I find that the silhouette values in the k-means (X axis) versus asw (Y axis) shows [k_versus_asw.jpeg] inconsistent average silhouette values.

Can some one please help on what could be going wrong here? Or is there any other clustering algorithm that should be used?
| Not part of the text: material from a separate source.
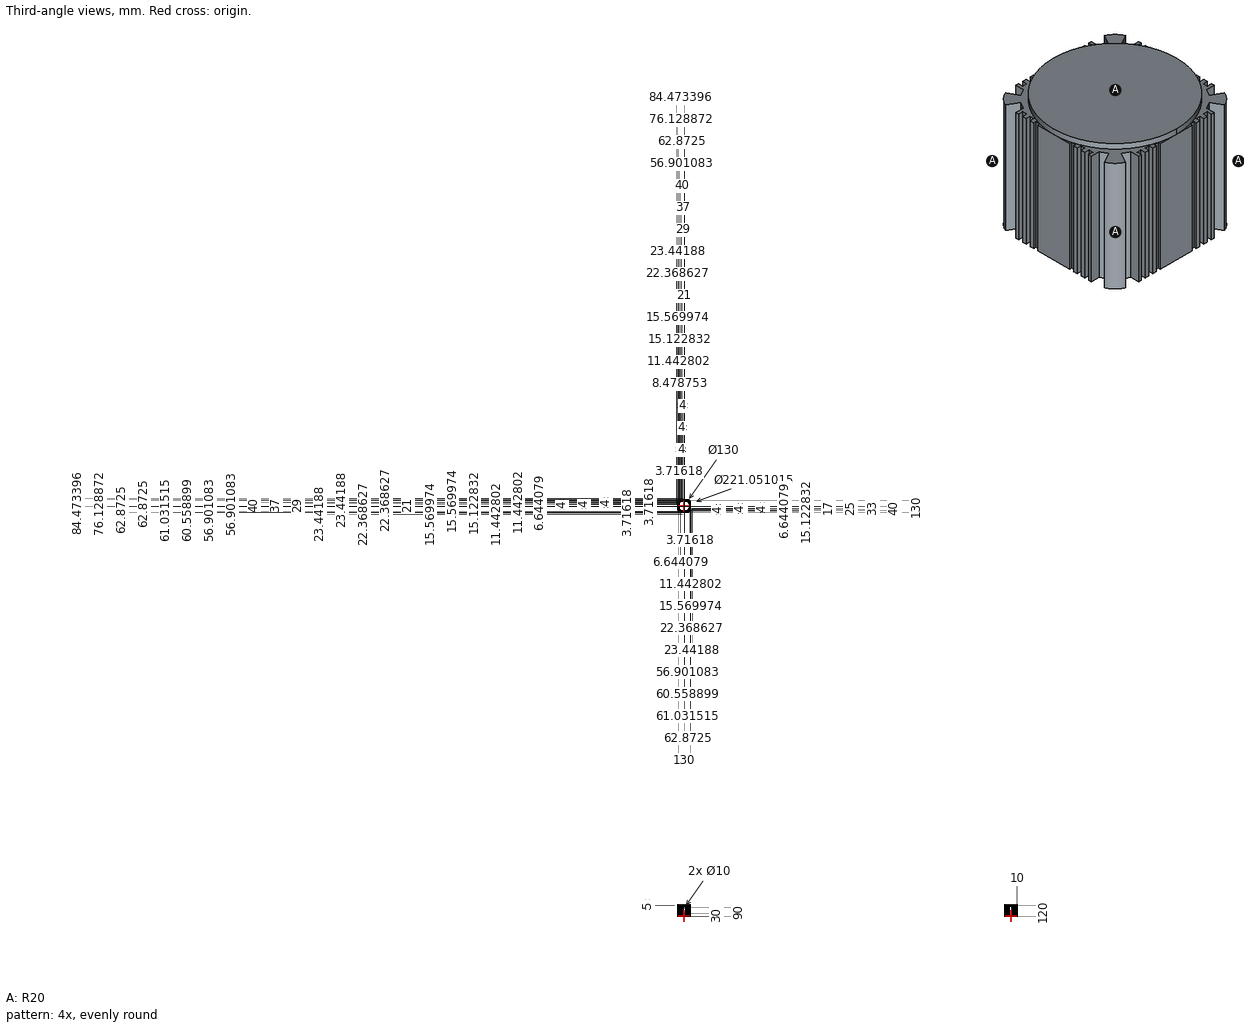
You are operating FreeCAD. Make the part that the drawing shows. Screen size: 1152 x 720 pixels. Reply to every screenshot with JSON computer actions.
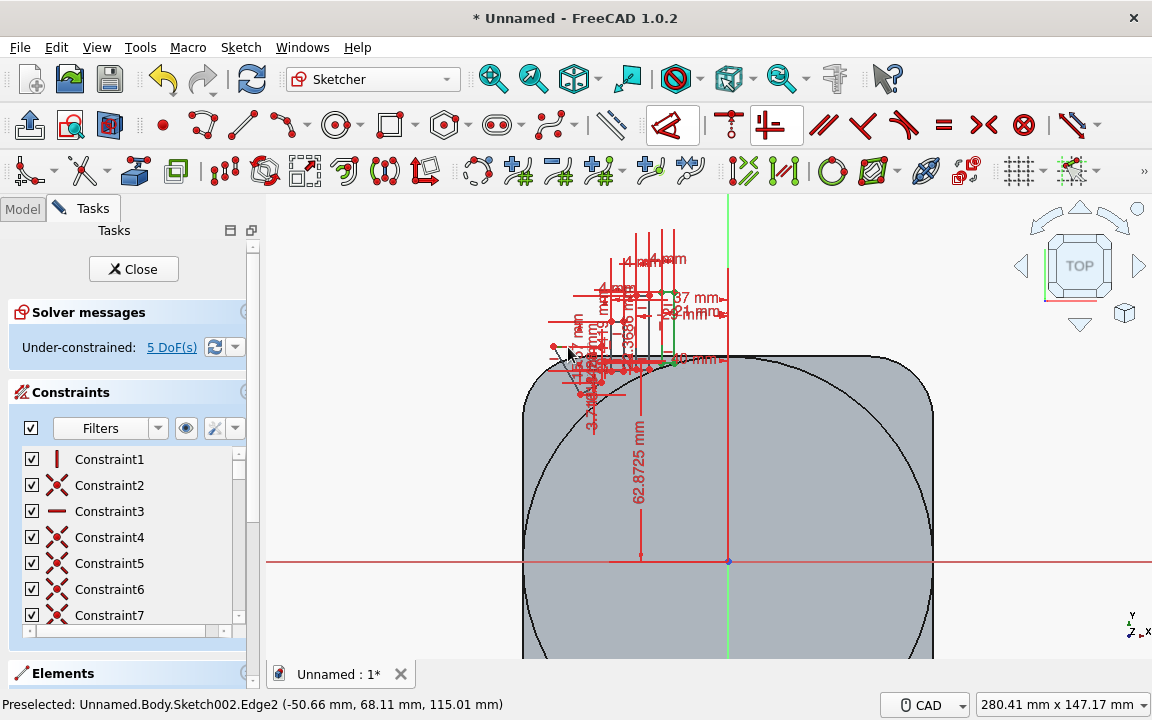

Attaching the code and sample data for this analysis:

Code:

> ###############################################
> 
> library(vegan) library(fpc) library(reshape2) library(ggplot2)
> 
> dist <- vegdist(mydat2, method = "jaccard") clustering.asw <-
> kmeansruns(dist, krange = 1:12, criterion = "asw")
> clustering.asw$bestk
> 
> critframe <- data.frame(k = 1:12, asw = scale(clustering.asw$crit))
> 
> critframe <- melt(critframe, id.vars = c("k"), variable.name =
> "measure", value.name = "score")
> 
> ggplot(critframe, aes(x=k, y=score, color=measure)) +  
> geom_point(aes(shape=measure)) + geom_line(aes(linetype=measure)) +  
> scale_x_continuous(breaks=1:12, labels=1:12)
> 
> summary(clustering.asw)
> 
> kbest.p <- 2
> 
> cboot <- clusterboot(dist, clustermethod = kmeansCBI, runs = 100,
> iter.max = 100, krange=kbest.p, seed = 12345) groups <-
> cboot$result$partition
> 
> print(cboot$result$partition, kbest.p)
> 
> cboot$bootmean
> 
> cboot$bootbrd
> 
> ####################################################

Sample Data:

ID V1 V2 V3 V4 V5 1 0 1 0 1 0 2 0 1 0 0 1 3 0 0 0 0 0 4 1 0 0 1 0 5 1 0 1 1 0 6 0 1 0 0 0 7 0 0 0 0 0 8 0 0 0 0 1 9 0 0 1 0 0 10 0 1 0 1 0 11 0 0 0 0 0 12 1 0 0 0 1 13 1 0 0 0 0 14 1 1 0 0 0 15 0 0 0 0 0 16 0 0 0 0 0 17 0 0 0 0 0 18 0 0 1 1 0 19 0 0 0 1 1 20 0 1 0 1 0

There are 40 such binary columns and around 350+ observations.

AJosh
  • 11
  • 4
  • [reproducible example](http://stackoverflow.com/questions/5963269/how-to-make-a-great-r-reproducible-example) – shekeine Oct 06 '15 at 09:51

2 Answers2

1

k-means cannot use a distance matrix. It only works with squared Euclidean distance (and equivalent distances that are Euclidean in some kernel space, where the kernel preserves the mean).

It computes point-to-mean distances, not point-to-point. Therefore, a distance matrix is useless.

Nevertheless, the Silhouette should be in [-1:+1], so there is something incorrect in the code that you are using - please, look at the code, don't treat it as a black box.

Has QUIT--Anony-Mousse
  • 76,138
  • 12
  • 138
  • 194
  • Agree that k-means shouldn't be using dissimilarity between case to case. In such a case will k-medoids help, I know that it finds representative observations from the data itself rather than using randomly assigned cluster centers. Or hierarchical clustering should work? – AJosh Oct 06 '15 at 12:47
0

The error is in:

critframe <- data.frame(k = 1:12, asw = scale(clustering.asw$crit))  

When you normalize the Silhouette values you remove the [-1,1] limits - and also make it very hard to interpret.

André Costa
  • 377
  • 1
  • 11